New from Japan: Anime Film Reviews
Around 1995, Japanese animation (anime) began pouring into North America, Europe and across the globe in video form. Most of these titles were unknown outside of Japan and never covered by animation journals. Whether a title is highly popular or very obscure, a high-quality theatrical feature or a cheap and unimaginative direct-to-video release, they all look the same on a store shelf. Therefore, Animation World Magazine will regularly review several new releases (including re-releases not previously covered) that have merit.
Arjuna. V.1, Rebirth. V.2, Journey. V.3, Conflicts. V.4, Understanding.
Arjuna is an unusually provocative and message-heavy series from concept-creator and director Kawamori, a fan-favorite for his development of exciting, yet thought-provoking works like Macross Plus and The Vision of Escaflowne. Arjuna is a strongly pro-environmental sci-fi/fantasy based upon Hindu/Buddhist themes of the oneness of all life on earth, and that the earth itself has a planetary consciousness/soul.
Juna Ariyoshi and Tokio Oshima are two high-school students, more than friends but too young to know whether they are really lovers or not. A highway accident leaves Juna suspended between life and death, where she is recruited "to save the Earth" by Chris Hawken, a physically crippled, but mentally powerful telepath working for a secret global organization devoted to staving off planetary ecological collapse. Juna has the latent psychic power to become Arjuna, a spiritual warrior with the ability to fight off the Raaja, fearsome ectoplasmic monsters that are spontaneously generating in ever-growing numbers. Frustratingly, Chris refuses to instruct Juna on how she is to do this, saying that she must figure it out on her own.
Arjuna's battles against the Raaja are the standard slowly escalating sci-fi menace of many anime TV series (although a higher-quality CGI/2D mix than most); what is different is the nature of the menace. It is soon obvious to the viewer (if not Juna) that the Raaja are huge enlargements of microscopic intestinal bacteria and cancer cells being generated by the earth itself at sites of particularly gross pollution. Kawamori does not blame only the convenient targets of greedy giant industries, but all of us for our wasteful modern lifestyles. Juna's classmates' favorite hangout spot is a U.S.-style fast-food chain blatantly named "Merikan Burger," where the kids order burgers so huge that they only eat half and toss the rest in the trash (while millions are starving in Africa).
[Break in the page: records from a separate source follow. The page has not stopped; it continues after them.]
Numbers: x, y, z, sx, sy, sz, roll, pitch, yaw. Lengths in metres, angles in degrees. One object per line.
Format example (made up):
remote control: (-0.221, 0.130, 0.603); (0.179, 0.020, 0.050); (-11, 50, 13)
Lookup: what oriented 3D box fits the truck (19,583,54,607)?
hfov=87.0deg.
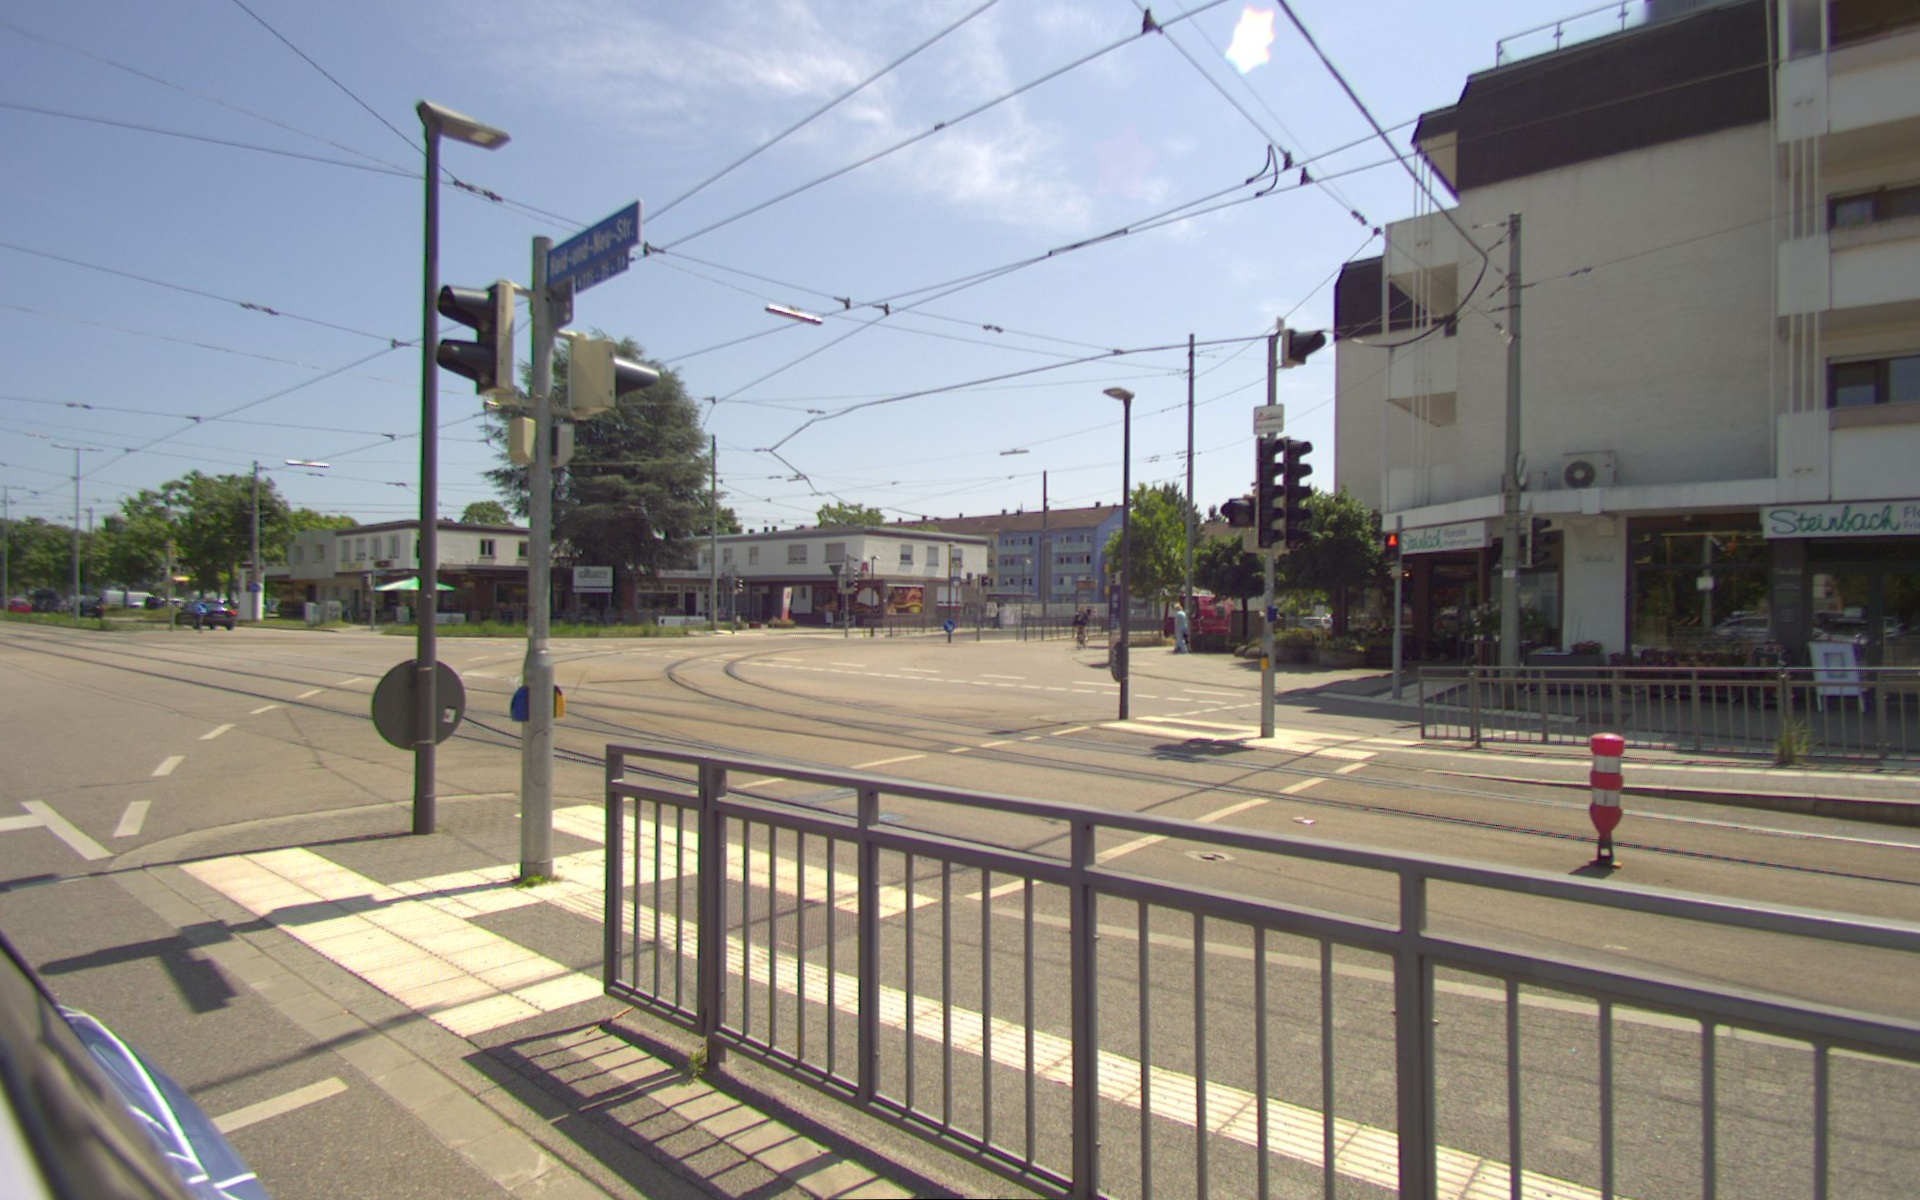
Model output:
truck: (-101.311, -0.549, 110.994); (4.926, 2.560, 2.197); (0, -1, 41)

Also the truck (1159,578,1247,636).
truck: (12.023, 0.390, 49.863); (2.186, 2.719, 4.974); (0, -1, 40)

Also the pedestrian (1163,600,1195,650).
pedestrian: (7.564, 0.855, 34.914); (0.690, 1.709, 0.809); (2, -1, -37)

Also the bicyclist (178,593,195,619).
bicyclist: (-53.707, 0.455, 70.274); (1.136, 1.779, 0.687); (-1, -2, 40)

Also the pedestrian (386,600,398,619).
pedestrian: (-39.267, 0.656, 69.927); (0.491, 1.248, 0.569); (0, -1, 40)

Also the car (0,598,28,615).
car: (-88.889, 0.598, 94.831); (3.821, 1.495, 1.609); (0, -1, 36)

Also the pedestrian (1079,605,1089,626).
pedestrian: (11.144, 1.398, 90.797); (0.679, 1.917, 0.640); (0, -1, 40)

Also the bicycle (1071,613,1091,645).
bicycle: (5.035, 1.201, 42.207); (0.670, 1.314, 2.103); (2, -1, 3)

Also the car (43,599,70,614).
car: (-89.313, 0.633, 100.026); (3.568, 1.397, 1.653); (0, -1, 42)

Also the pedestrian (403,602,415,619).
pedestrian: (-38.935, 0.768, 71.512); (0.674, 1.172, 0.512); (0, -1, 40)

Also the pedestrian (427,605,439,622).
pedestrian: (-34.298, 0.870, 65.864); (0.674, 1.136, 0.512); (0, -1, 40)

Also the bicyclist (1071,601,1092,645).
bicyclist: (5.041, 0.964, 42.084); (0.725, 1.776, 1.134); (2, -1, 3)

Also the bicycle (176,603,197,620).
bicycle: (-53.719, 0.784, 70.279); (1.930, 1.157, 0.687); (-1, -2, 40)

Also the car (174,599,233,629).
car: (-42.087, 0.769, 56.287); (4.494, 1.591, 1.774); (0, -1, 42)

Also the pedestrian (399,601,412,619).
pedestrian: (-38.411, 0.685, 70.098); (0.674, 1.208, 0.512); (0, -1, 40)

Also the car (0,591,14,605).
car: (-124.062, -0.236, 131.190); (3.820, 1.716, 1.660); (0, -1, 40)

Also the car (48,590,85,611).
car: (-84.638, 0.075, 95.856); (4.659, 1.898, 1.973); (0, -1, 41)

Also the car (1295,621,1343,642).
car: (22.044, 1.942, 62.107); (1.589, 1.249, 3.532); (0, -1, 41)

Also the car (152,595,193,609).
car: (-90.692, 0.193, 116.558); (1.600, 1.517, 3.375); (0, -1, 35)

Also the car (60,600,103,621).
car: (-64.557, 0.766, 74.349); (3.860, 1.449, 1.693); (0, -1, 38)

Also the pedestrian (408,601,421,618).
pedestrian: (-38.018, 0.672, 70.533); (0.674, 1.218, 0.512); (0, -1, 40)

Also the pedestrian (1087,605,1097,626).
pedestrian: (11.789, 1.394, 90.286); (0.679, 1.917, 0.640); (0, -1, 40)

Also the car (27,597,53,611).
car: (-96.948, 0.403, 106.631); (3.669, 1.397, 1.653); (0, -1, 42)

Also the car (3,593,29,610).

Juna and her video-game junkie boyfriend become the two sides of a Greek chorus; Tokio symbolizes the conspicuous consumption of industrialized society, unable to understand why Juna has become such a puritan, unable to eat food stuffed with "safe" chemical additives, while Juna is unable to get through to him that his casual wastefuness (multiplied by the whole population of urban civilization) is causing the Raaja that are now blighting all crops, contaminating all water, causing meltdowns in nuclear power plants, and building up to the destruction of the Van Allen radiation belt and a polar shift, which will destroy most life on earth.
Kawamori's skillful direction, attractive character art by Takahiro Kishida, haunting music by Yoko Kanno and high-quality (for a TV series) animation by the Satelight studio, hold more for viewers than might otherwise be expected given the heavy-handed Save The Planet message. Earth Girl Arjuna (the Japanese title) was 12 half-hour episodes broadcast from January 9 through March 27, 2001. This DVD adds additional footage to some of them plus an entire extra episode to enhance the didacticism. Arjuna was somewhat notorious for having almost no merchandising, since practically any of the usual toys and knickknacks would be ludicrously at odds with the constant message against buying unnecessary consumer goods.
TV series (13 episodes), 2001. Director: Shoji Kawamori. V.1, 3 episodes/75 minutes; v.2, 4 episodes/100 minutes; v.3, 4 episodes/110 minutes; v.4, 2 episodes/70 minutes. Price & format: DVD bilingual $29.98. Distributor: Bandai Entertainment.